Vestibulando reprovado da UFRGS se diz prejudicado pelas cotas e move ação contra o sistema

iG São Paulo |

Um candidato reprovado no vestibular da Universidade Federal do Rio Grande do Sul (UFRGS) entrou com um pedido de antecipação de tutela pedida no Supremo Tribunal Federal (STF). Giovane Pasqualito Fialho foi reprovado na prova para o curso de Administração, mas teria passado se não houvesse a reserva de vagas para estudantes cotistas. Fialho move ação contra o sistema de cotas que chegou até o Supremo.

O ministro Ricardo Lewandowski negou o pedido, pois entendeu que a tutela não pode ser antecipada para permitir a matrícula de Fialho até que a questão seja resolvida na Justiça. “A antecipação da tutela na jurisdição constitucional possui periculum in mora inverso, uma vez que não apenas atingiria um amplo universo de estudantes como também geraria graves efeitos sobre as políticas de ação afirmativa promovidas por outras universidades”, disse na decisão, cujo mérito ainda será analisado pelo Plenário da Corte. O periculum in mora é o perigo na demora – situação que justifica a concessão de decisões em caráter liminar, como é o caso da antecipação de tutela.

Segundo informações do STF, o Recurso Extraordinário (RE 597285) de Fialho afirma que das 160 vagas, 30% foram reservadas a candidatos privilegiados em razão de sua etnia e condição social e 10 vagas a candidatos indígenas. A defesa de Fialho chama o sistema de cotas de “pacto da mediocridade” e declara que a distinção no tratamento dos candidatos com base em critério étnico é crime de racismo.

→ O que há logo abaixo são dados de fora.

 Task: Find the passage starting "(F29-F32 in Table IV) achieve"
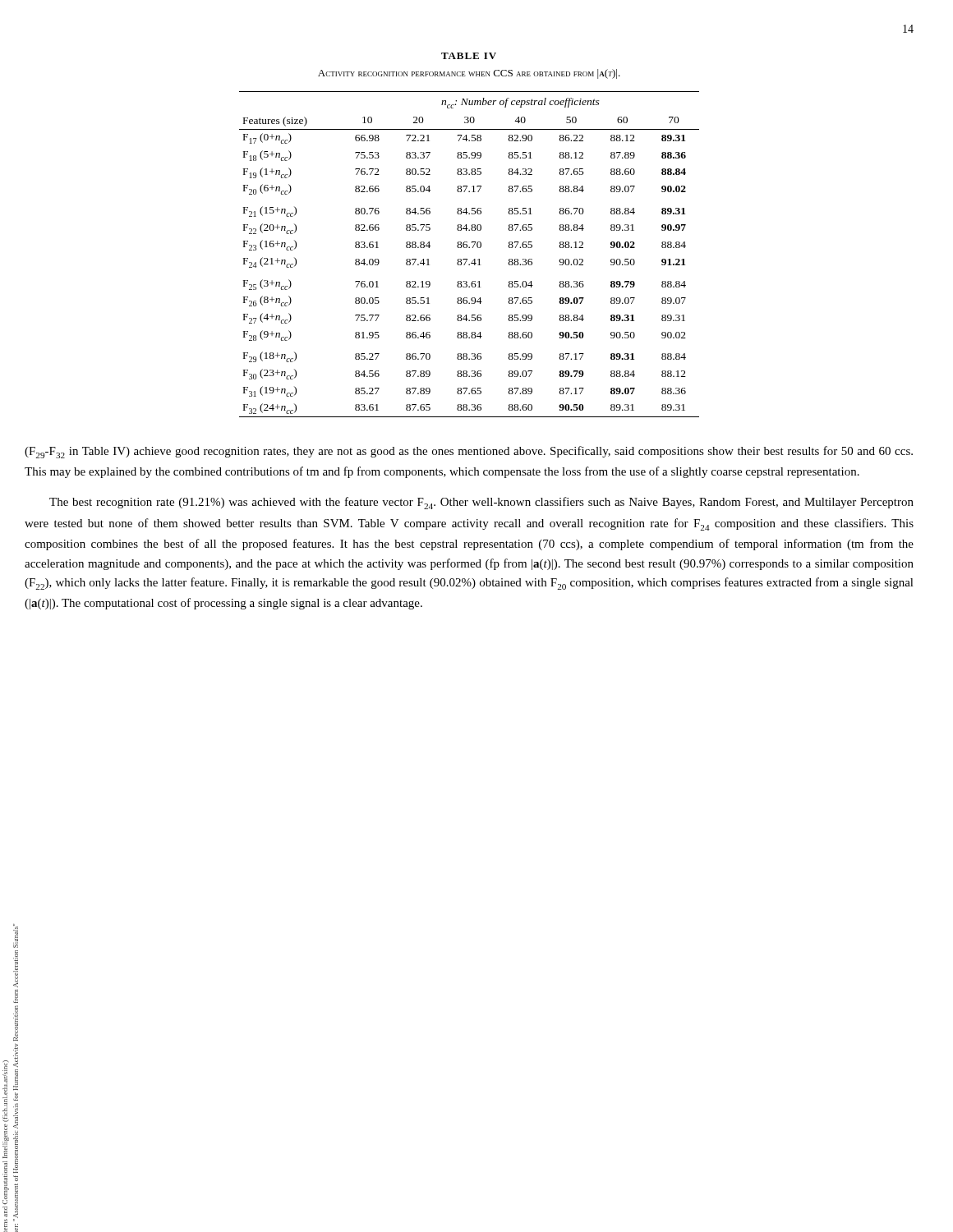pos(469,461)

O tema de fundo do Recurso Extraordinário, cuja repercussão geral foi admitida na Corte por seis ministros, já foi analisado por representantes da sociedade civil e do governo federal numa audiência pública sobre ações afirmativas em universidades. A audiência ocorreu em março.

Dessa forma, Lewandowski afirmou na decisão que “enquanto essa Corte não se pronunciar pela inconstitucionalidade desse sistema de admissão, presume-se a sua constitucionalidade”.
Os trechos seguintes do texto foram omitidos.